24/06/2022 às 14h30min - Atualizada em 24/06/2022 às 14h30min

MPF pede ao STF que analise se houve interferência de Bolsonaro em investigação sobre Milton Ribeiro

Ex-ministro da Educação é suspeito de corrupção passiva, prevaricação, advocacia administrativa e tráfico de influência

Com informações do R7
Foto: Reprodução/O Globo

O Ministério Público Federal (MPF) apontou possível interferência do presidente Jair Bolsonaro nas investigações sobre o caso do ex-ministro da Educação Milton Ribeiro e pediu que fosse enviada parte dos autos ao Supremo Tribunal Federal (STF). A reportagem procurou o Palácio do Planalto e aguarda retorno.
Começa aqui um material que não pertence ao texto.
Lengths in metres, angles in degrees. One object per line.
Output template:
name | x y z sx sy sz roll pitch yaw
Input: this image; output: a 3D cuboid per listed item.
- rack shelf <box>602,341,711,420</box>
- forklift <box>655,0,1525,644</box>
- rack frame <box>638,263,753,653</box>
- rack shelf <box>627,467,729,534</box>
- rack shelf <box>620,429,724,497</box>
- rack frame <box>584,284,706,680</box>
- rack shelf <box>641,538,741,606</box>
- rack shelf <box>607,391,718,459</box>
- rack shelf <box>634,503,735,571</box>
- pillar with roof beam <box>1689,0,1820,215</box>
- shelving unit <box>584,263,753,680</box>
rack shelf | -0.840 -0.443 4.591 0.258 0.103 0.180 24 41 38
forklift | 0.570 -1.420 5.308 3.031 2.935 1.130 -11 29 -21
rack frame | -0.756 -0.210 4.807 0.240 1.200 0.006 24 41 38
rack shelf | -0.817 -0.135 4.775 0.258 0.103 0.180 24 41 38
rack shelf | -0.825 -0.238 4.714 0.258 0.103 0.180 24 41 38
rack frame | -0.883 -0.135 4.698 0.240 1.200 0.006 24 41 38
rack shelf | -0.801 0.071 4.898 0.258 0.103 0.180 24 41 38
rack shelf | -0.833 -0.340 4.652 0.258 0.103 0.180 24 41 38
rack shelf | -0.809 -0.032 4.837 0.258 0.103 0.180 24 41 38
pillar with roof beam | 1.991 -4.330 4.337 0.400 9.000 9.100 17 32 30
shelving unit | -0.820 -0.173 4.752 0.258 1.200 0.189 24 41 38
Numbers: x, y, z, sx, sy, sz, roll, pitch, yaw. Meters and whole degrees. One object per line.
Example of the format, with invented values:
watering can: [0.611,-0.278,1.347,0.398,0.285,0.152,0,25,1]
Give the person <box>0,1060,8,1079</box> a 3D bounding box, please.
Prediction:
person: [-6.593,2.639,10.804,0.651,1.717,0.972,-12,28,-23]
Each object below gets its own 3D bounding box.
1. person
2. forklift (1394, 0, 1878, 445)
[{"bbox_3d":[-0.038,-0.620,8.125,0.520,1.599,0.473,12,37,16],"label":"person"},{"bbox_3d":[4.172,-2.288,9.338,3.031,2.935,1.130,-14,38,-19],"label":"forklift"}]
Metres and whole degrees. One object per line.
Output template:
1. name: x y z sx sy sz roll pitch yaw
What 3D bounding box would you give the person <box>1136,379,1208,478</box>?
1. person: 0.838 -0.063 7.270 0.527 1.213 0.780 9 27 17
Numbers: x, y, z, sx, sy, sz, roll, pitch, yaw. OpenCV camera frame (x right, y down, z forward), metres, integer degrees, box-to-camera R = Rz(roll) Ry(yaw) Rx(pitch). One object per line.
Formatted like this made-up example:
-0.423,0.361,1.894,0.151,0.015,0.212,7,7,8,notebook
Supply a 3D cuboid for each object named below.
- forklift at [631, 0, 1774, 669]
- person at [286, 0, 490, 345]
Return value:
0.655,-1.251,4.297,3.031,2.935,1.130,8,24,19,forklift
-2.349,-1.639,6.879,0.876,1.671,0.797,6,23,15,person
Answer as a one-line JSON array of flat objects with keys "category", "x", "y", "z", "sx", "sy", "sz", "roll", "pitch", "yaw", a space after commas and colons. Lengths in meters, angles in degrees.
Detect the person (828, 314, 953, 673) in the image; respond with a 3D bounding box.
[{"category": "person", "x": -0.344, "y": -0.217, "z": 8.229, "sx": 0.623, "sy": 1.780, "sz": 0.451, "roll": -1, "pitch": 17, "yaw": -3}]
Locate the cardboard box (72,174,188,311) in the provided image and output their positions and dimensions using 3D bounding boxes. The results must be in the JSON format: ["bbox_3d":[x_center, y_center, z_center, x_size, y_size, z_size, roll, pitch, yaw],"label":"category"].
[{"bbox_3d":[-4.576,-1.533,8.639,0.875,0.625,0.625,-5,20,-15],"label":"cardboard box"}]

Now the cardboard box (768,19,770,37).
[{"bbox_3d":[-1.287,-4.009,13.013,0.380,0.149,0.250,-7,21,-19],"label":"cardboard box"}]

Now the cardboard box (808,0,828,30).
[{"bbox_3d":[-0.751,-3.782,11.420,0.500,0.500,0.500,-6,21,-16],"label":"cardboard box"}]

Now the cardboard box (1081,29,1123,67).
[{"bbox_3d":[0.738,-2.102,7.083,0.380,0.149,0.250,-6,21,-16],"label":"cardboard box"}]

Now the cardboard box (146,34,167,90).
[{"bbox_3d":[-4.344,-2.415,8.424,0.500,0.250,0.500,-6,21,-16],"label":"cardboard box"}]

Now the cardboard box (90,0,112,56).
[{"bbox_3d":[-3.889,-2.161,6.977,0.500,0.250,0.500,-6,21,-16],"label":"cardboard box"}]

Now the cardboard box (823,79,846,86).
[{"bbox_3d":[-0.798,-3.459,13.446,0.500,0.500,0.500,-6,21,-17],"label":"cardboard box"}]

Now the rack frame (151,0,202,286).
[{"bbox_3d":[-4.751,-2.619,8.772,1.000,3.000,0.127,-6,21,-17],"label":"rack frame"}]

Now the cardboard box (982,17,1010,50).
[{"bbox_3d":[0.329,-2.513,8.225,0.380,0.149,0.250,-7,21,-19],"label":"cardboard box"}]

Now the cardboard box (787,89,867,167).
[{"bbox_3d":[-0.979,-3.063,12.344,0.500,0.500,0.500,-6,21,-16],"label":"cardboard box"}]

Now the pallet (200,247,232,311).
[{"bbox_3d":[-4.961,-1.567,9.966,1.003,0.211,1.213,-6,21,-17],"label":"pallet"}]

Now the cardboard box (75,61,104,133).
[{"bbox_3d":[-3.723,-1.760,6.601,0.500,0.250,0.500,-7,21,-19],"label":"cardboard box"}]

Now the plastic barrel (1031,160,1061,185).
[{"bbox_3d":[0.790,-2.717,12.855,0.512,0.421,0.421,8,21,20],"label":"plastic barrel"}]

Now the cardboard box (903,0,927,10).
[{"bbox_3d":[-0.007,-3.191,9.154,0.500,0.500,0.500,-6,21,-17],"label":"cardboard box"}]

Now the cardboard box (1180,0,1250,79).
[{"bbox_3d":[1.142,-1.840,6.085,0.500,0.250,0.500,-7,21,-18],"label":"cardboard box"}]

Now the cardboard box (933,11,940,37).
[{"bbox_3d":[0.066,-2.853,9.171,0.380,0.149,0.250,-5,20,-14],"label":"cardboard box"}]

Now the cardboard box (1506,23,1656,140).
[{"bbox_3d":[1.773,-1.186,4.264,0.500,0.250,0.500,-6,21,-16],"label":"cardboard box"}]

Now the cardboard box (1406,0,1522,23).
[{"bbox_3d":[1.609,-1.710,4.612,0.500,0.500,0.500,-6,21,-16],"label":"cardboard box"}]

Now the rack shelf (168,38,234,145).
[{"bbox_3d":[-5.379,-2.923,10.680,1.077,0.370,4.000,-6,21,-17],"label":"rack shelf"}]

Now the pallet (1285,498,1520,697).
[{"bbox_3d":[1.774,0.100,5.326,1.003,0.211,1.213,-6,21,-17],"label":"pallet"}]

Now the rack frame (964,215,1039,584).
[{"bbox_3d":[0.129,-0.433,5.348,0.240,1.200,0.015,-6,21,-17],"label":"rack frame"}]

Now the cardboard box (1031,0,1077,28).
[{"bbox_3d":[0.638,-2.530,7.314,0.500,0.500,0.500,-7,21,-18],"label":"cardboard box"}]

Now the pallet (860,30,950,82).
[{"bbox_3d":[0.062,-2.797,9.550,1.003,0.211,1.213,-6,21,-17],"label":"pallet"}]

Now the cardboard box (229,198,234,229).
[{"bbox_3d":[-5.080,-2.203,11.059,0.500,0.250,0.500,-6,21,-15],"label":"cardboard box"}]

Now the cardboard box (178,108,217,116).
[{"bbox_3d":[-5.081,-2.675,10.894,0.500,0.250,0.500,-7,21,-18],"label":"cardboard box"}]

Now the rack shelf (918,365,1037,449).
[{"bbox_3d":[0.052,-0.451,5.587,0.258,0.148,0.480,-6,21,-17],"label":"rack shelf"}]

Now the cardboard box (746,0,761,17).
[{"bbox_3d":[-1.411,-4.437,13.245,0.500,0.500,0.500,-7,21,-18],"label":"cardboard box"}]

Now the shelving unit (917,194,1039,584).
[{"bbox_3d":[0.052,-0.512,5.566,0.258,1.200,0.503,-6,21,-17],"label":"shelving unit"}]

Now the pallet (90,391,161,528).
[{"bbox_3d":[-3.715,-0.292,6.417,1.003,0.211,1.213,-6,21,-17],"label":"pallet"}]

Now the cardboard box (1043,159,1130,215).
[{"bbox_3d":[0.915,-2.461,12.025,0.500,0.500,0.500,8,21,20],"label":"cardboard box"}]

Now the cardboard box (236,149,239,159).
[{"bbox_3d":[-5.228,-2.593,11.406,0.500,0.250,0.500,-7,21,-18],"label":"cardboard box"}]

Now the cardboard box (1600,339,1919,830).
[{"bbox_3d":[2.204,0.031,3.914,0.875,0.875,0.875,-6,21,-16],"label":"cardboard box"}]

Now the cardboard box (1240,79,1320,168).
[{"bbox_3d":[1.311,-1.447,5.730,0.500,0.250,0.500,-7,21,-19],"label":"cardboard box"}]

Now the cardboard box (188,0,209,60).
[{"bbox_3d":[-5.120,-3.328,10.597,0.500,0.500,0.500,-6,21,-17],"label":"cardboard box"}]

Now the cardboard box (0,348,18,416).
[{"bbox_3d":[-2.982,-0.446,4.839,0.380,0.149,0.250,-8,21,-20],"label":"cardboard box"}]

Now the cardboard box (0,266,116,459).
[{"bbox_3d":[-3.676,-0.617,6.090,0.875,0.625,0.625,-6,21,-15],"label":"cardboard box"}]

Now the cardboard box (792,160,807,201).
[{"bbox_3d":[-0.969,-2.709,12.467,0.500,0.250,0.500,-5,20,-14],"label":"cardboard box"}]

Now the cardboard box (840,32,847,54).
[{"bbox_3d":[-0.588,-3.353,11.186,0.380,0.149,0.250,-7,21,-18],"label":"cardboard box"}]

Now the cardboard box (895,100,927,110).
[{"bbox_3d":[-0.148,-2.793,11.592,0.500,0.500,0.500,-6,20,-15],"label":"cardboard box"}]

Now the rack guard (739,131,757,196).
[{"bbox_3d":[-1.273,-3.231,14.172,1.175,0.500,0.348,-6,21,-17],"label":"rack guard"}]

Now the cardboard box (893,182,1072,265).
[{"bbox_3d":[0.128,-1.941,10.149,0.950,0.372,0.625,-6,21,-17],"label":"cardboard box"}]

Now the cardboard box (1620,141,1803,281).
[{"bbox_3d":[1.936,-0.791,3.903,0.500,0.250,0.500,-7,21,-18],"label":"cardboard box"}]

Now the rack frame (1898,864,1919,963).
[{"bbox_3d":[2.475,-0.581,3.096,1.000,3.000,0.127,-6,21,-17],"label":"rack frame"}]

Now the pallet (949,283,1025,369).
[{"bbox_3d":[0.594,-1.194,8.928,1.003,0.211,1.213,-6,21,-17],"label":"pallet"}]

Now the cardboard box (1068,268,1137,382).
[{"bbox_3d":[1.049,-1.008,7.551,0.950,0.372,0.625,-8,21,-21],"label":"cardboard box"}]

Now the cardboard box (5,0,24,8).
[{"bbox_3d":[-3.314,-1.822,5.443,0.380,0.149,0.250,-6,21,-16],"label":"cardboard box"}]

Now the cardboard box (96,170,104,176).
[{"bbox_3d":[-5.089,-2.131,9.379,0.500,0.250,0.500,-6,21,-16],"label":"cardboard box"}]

O juiz Renato Borelli, autor do mandado de prisão contra Ribeiro, atendeu ao pedido feito pelo MPF e enviou o material ao STF. O caso será relatado pela ministra Cármen Lúcia, que deve acionar a Procuradoria-Geral da República para se manifestar, como de praxe.

De acordo com o documento, o procurador Anselmo Henrique Cordeiro Lopes pede que a investigação seja encaminhada à mais alta Corte do país de forma sigilosa para que seja apurada eventual ocorrência dos crimes de violação de sigilo funcional com dano à administração judiciária e favorecimento pessoal.

"Outrossim, nesta oportunidade, o MPF vem requerer que o auto circunstanciado nº 2/2022, bem como o arquivo de áudio do investigado Milton Ribeiro que aponta indício de vazamento da operação policial e possível interferência ilícita por parte do Presidente da República Jair Messias Bolsonaro nas investigações, sejam desentranhados dos autos e remetidos, de maneira apartada e sigilosa, ao Supremo Tribunal Federal, em respeito ao art. 102, I, b, da Constituição da República, a fim de que lá seja averiguada a possível ocorrência dos crimes de violação de sigilo funcional com dano à Administração Judiciária (art. 325, § 2º, do Código Penal) e favorecimento pessoal (art. 348 do Código Penal)", diz o procurador.

O MPF destaca também indícios de "igual interferência" em relação ao tratamento dado pela Polícia Federal a Ribeiro, que "não foi conduzido ao Distrito Federal (não havendo sido tampouco levado a qualquer unidade penitenciária) para que pudesse ser pessoalmente interrogado pela autoridade policial que preside o inquérito policial, apesar da farta estrutura disponível para a locomoção de presos".